■ Required work ■
Below are the records; locate each line with the word "whole" and copy it.

■ Material shown ■
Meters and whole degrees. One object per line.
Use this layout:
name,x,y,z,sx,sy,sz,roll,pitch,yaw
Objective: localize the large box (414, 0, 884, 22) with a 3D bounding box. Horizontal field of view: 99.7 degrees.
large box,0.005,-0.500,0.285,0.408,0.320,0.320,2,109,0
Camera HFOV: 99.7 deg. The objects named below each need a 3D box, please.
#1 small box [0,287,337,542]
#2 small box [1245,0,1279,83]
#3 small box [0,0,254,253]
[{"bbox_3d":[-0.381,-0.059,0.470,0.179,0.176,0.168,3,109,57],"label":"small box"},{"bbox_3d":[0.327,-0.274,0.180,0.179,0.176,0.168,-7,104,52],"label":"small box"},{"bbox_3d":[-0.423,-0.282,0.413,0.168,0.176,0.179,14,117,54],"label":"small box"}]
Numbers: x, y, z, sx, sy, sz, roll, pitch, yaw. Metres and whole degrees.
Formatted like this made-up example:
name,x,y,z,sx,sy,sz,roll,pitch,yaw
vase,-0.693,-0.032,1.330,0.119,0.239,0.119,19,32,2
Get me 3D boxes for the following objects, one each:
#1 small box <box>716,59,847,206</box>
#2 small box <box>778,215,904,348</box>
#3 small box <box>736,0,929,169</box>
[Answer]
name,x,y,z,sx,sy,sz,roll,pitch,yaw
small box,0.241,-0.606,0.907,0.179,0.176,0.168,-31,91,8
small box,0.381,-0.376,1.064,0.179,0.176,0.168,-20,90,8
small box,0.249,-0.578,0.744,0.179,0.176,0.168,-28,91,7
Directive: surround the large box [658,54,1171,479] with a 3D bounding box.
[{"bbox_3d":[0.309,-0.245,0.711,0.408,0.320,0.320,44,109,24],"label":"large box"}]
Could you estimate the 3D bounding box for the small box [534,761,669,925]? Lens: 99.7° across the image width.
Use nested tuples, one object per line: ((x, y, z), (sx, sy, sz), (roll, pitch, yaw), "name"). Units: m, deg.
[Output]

■ Answer to the problem ■
Meters and whole degrees. One object per line.
Numbers: x, y, z, sx, sy, sz, roll, pitch, yaw. Metres and whole degrees.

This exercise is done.